AKP’nin 13 yıllık iktidarı ülkeye baskı, zulüm, gerginlik ve yokluk getirmiştir. Silivri toplama kampı, Gezi olaylarında ölen ve yaralananlar, Soma’daki şehitler, Suriye’de çıkarılan iç savaşla milyonların döktüğü gözyaşı hep bu iktidarın zulmünün örnekleridir ve dimağlarda çok tazedir. Son seçimlerde denildiği gibi (“Oy verin gitsinler!”) CHP başından bu yana ülkenin başına bela olan bu iktidarı defetmeye çabalamaktadır ve elbette bu mücadelesini sürdürecektir.

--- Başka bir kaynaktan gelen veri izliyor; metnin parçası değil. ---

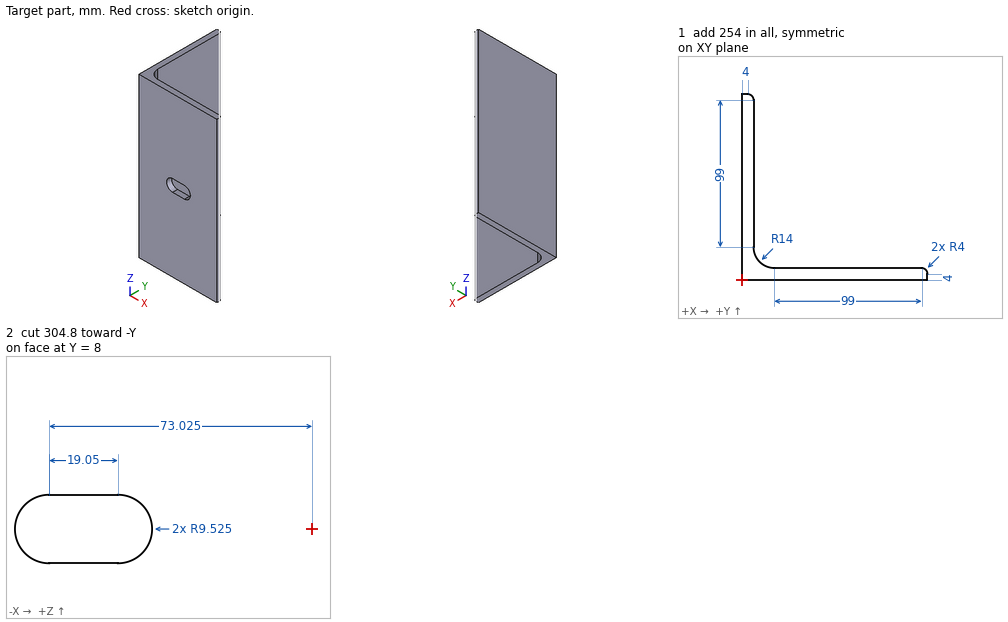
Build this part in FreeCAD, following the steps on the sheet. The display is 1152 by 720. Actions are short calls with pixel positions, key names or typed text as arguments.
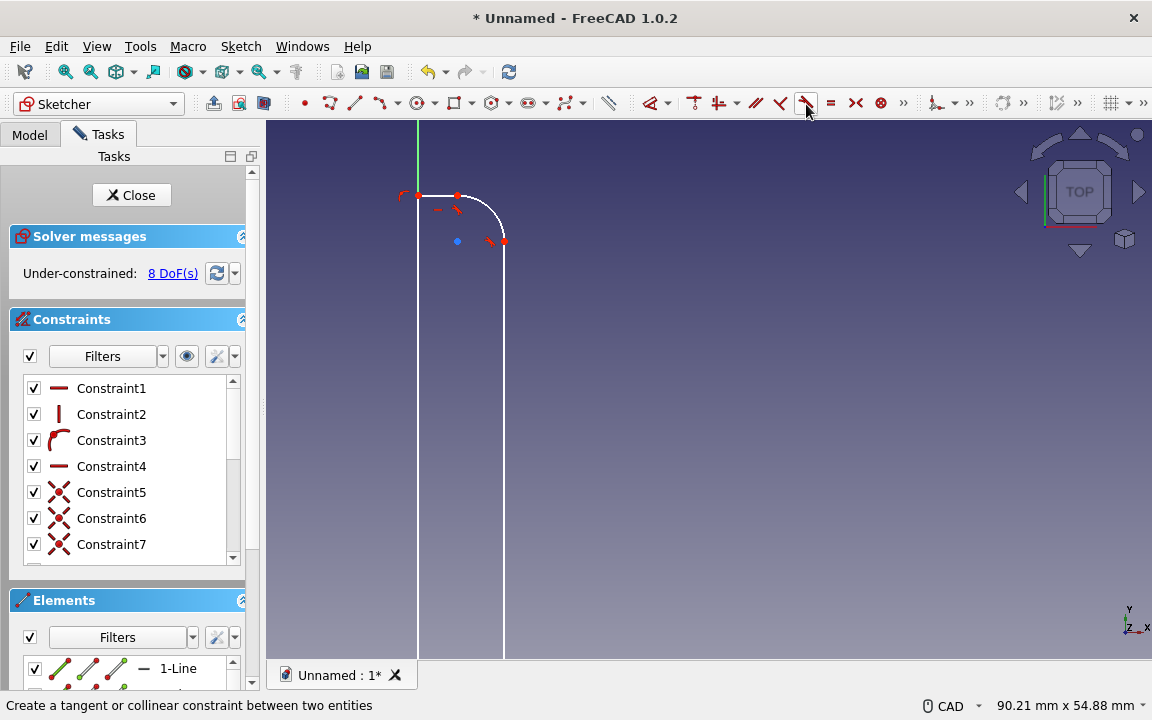
scroll(472, 208, down, 6)

Kuşkusuz böylesi nefret uyandıran bir iktidarın ortağı olmak şimdiye dek yapılanları ibra etmek anlamına gelecektir. Üstelik kurulacak bir ortaklık daha iyi bir iktidar üretmeyecek, yaşananlar unutulmayacak ve halkın nefreti azalmayacaktır. Kaldı ki, AKP ile CHP’nin bir koalisyon protokolü imzalayacak ölçüde hiçbir ortak ilke ya da ülküsü yoktur.
Seçimler sonrası gelinen nokta herkes tarafından doğru değerlendirilmelidir:
Malum; son seçimlerde halk başkanlık sistemine geçit vermemiştir. Bu mutluluk vericidir.
Öte yandan, halk AKP’ye de tek başına hükümeti kuracak çoğunluğu da vermemiş, sadece birinci parti yapmıştır. O halde AKP, iktidarını ancak bir koalisyonla yürütebilir. Fakat bunun en doğalı AKP’nin kendisine en yakın programa sahip siyasal partiyle bu koalisyonu oluşturmasıdır. Ve bu, asla CHP değildir, olmamalıdır!
Halk hükümet kurma görevini CHP’ye de tek başına vermemiştir. Bu durumda, bir hükümet oluşturma görevi düşecekse, bunun kiminle olacağı ve koşulları (Parti Meclisinden alınan bir kararla yetinmeyerek) mutlaka bir küçük kurultayın toplanmasıyla sağlanmalıdır.
CHP yönetimi kuşkusuz bilgi, birikim ve deneyim sahibidir. Son seçimlerde alınan oy oranını AKP ile ortaklığa varacak ölçüde başarısız bulması mantık dışıdır.